10 solve the system of equations using elimination.
3x - 2y = 12
-x + y = -3

Explanation:

Step1: Label the equations

Let the first equation be \( 3x - 2y = 12 \) (Equation 1) and the second equation be \( -x + y = -3 \) (Equation 2).
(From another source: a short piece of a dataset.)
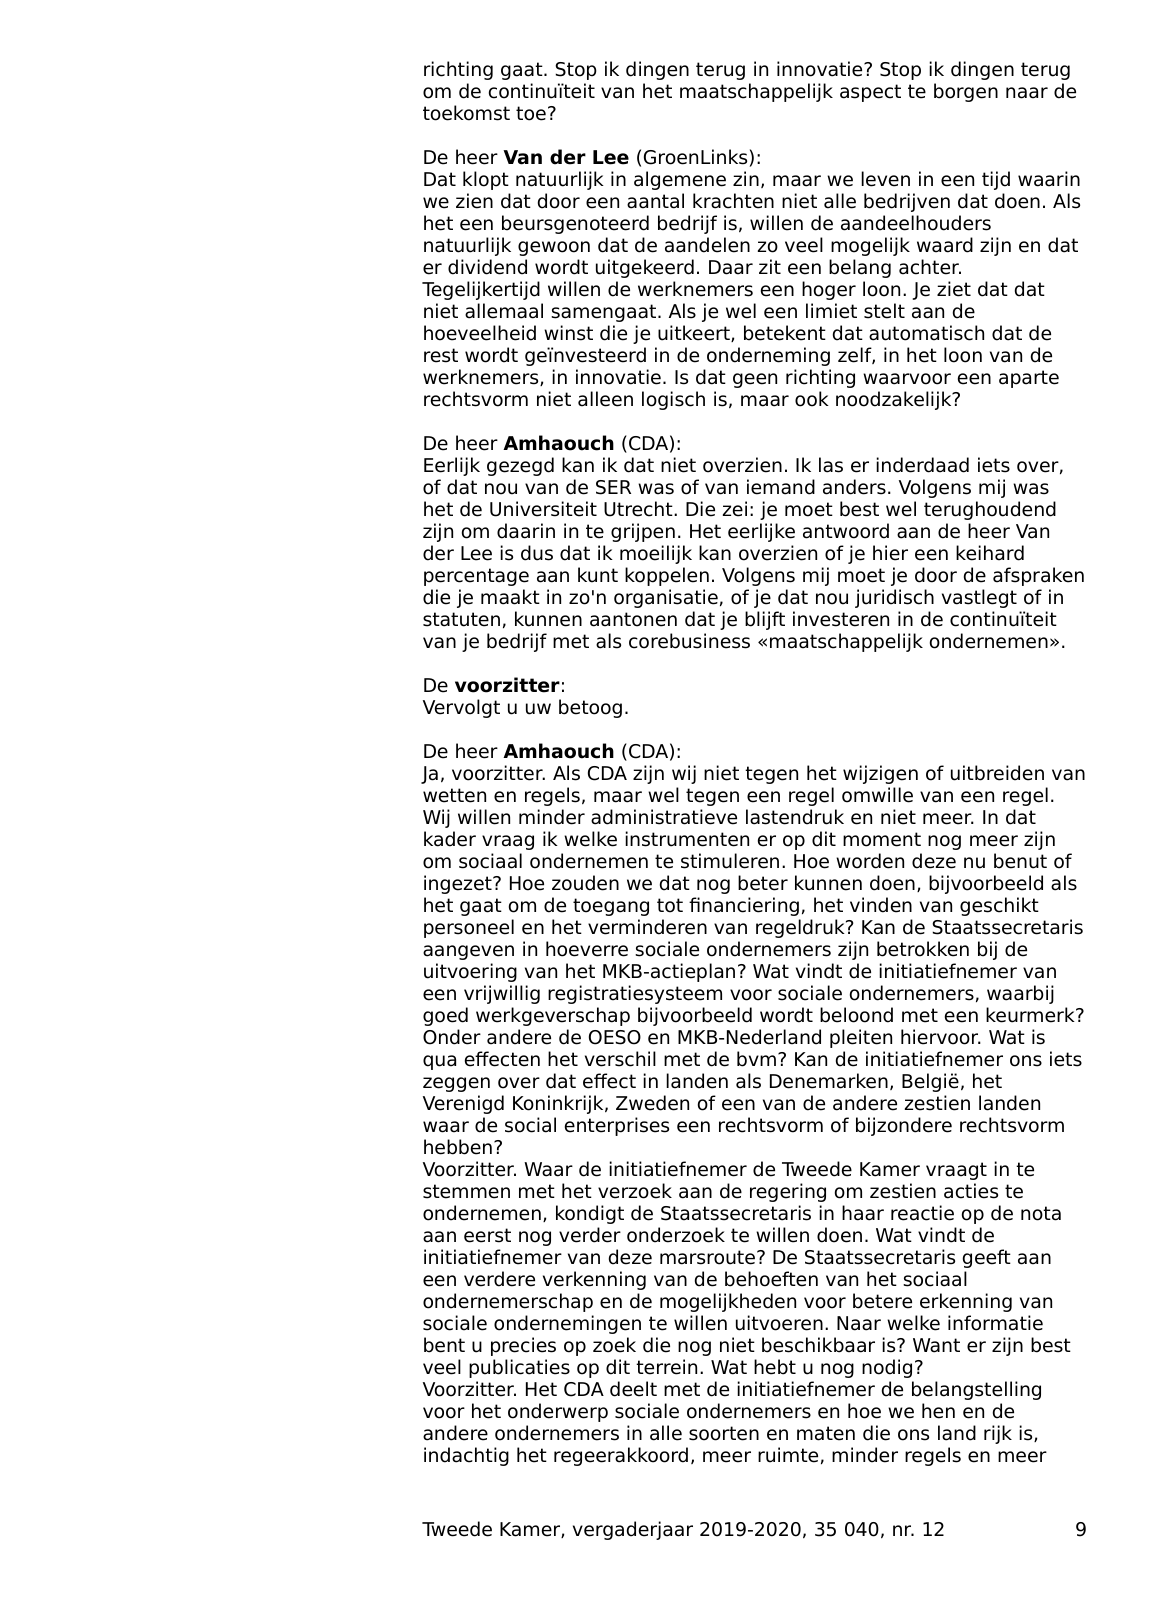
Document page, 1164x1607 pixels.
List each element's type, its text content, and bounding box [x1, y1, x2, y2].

Step2: Eliminate a variable

Multiply Equation 2 by 2 to make the coefficients of \( y \) opposite:
\( 2\times(-x + y)=2\times(-3) \)
\( -2x + 2y = -6 \) (Equation 3)

Step3: Add Equation 1 and Equation 3

Add \( 3x - 2y = 12 \) and \( -2x + 2y = -6 \):
\( (3x - 2y)+(-2x + 2y)=12+(-6) \)
\( 3x - 2y - 2x + 2y = 6 \)
Simplify: \( x = 6 \)

Step4: Substitute \( x \) into Equation 2

Substitute \( x = 6 \) into \( -x + y = -3 \):
\( -6 + y = -3 \)

Step5: Solve for \( y \)

Add 6 to both sides:
\( y = -3 + 6 \)
\( y = 3 \)

Answer:

The solution to the system is \( x = 6 \), \( y = 3 \)